## EXERCISE AIM:
Print nothing but the lines below starting at the line that holds "object name: photograph" and ending at the line that holds "tags: flowers", including both, each exactly as written.
━━━━━━
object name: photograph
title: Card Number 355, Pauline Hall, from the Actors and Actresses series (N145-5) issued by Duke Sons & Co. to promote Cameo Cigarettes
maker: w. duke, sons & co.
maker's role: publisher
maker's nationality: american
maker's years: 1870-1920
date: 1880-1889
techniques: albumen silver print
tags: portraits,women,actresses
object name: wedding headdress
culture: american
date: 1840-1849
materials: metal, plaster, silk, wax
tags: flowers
━━━━━━
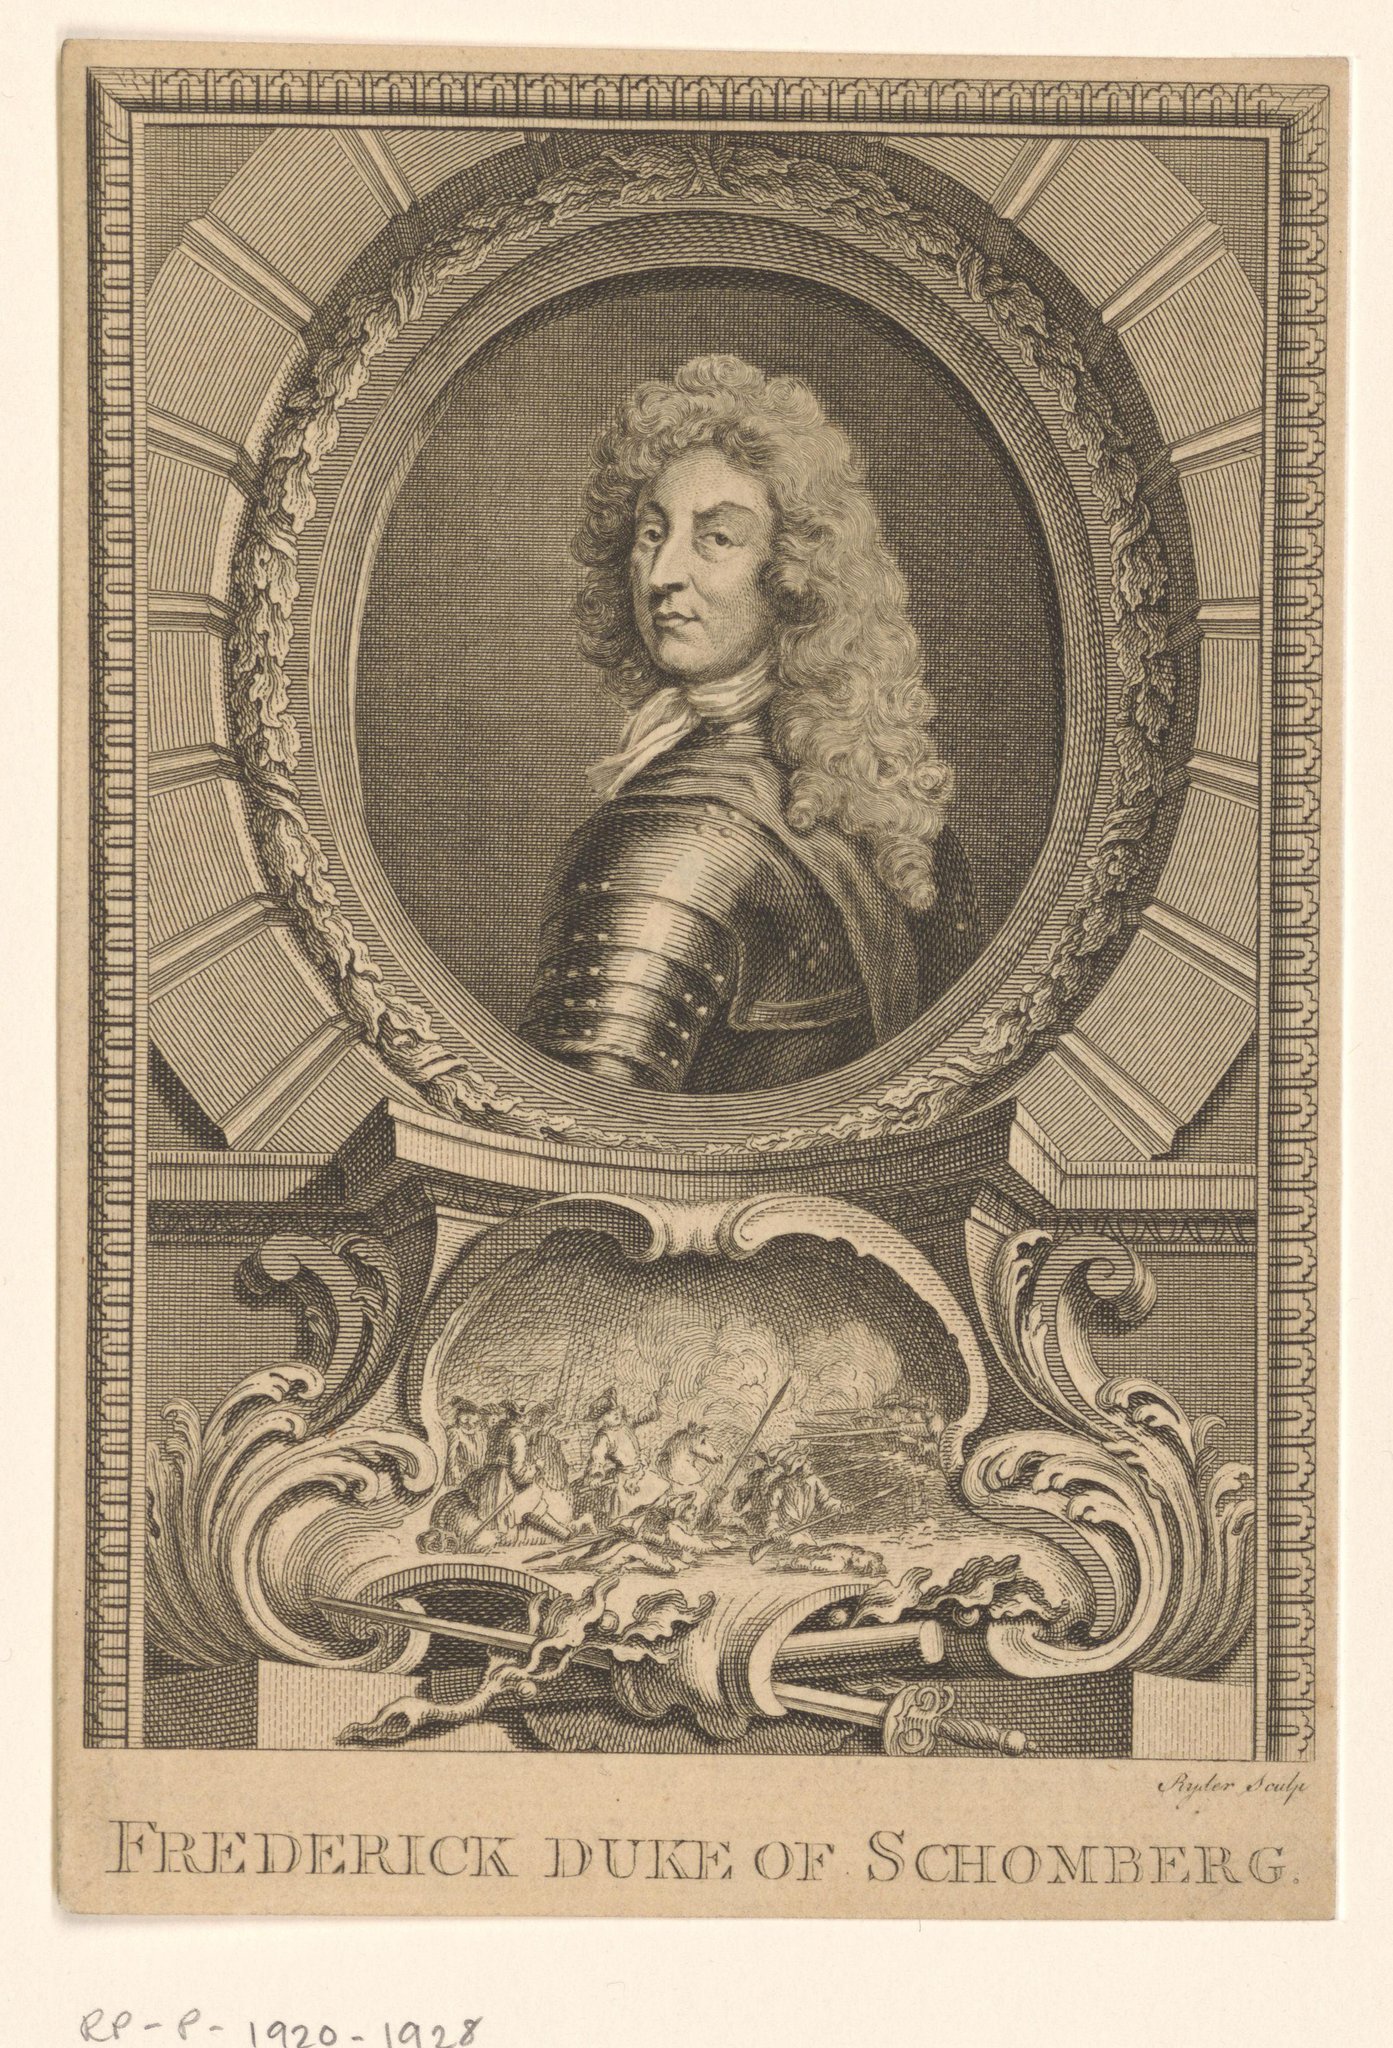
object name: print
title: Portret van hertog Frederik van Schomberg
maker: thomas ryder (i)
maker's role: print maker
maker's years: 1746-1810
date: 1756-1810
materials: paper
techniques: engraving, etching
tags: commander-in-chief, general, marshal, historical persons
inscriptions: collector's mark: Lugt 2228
━━━━━━
## THE COMPLETED TASK:
object name: photograph
title: Card Number 355, Pauline Hall, from the Actors and Actresses series (N145-5) issued by Duke Sons & Co. to promote Cameo Cigarettes
maker: w. duke, sons & co.
maker's role: publisher
maker's nationality: american
maker's years: 1870-1920
date: 1880-1889
techniques: albumen silver print
tags: portraits,women,actresses
object name: wedding headdress
culture: american
date: 1840-1849
materials: metal, plaster, silk, wax
tags: flowers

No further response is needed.